• **The problem**
Leave every picture out, and give again exactly the lines from the one containing "label,x,y,z,sx,sy,sz,roll,pitch,yaw" through the end of the listing.

═══

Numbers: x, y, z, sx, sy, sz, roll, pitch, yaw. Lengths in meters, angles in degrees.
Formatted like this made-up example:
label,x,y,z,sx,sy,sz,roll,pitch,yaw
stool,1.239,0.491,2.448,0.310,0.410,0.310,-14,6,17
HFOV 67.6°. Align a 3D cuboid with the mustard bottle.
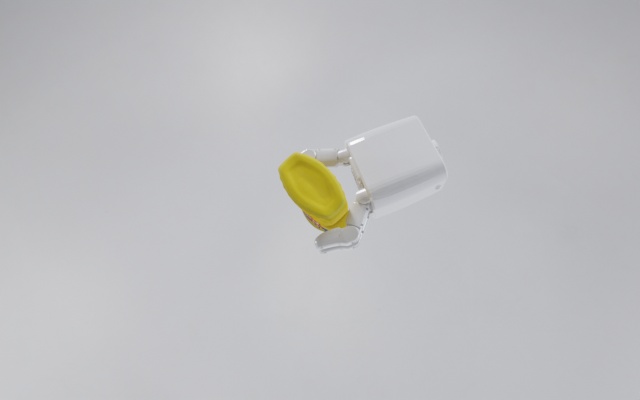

═══

• **Response box**
label,x,y,z,sx,sy,sz,roll,pitch,yaw
stool,1.239,0.491,2.448,0.310,0.410,0.310,-14,6,17
HFOV 67.6°. Align a 3D cuboid with the mustard bottle.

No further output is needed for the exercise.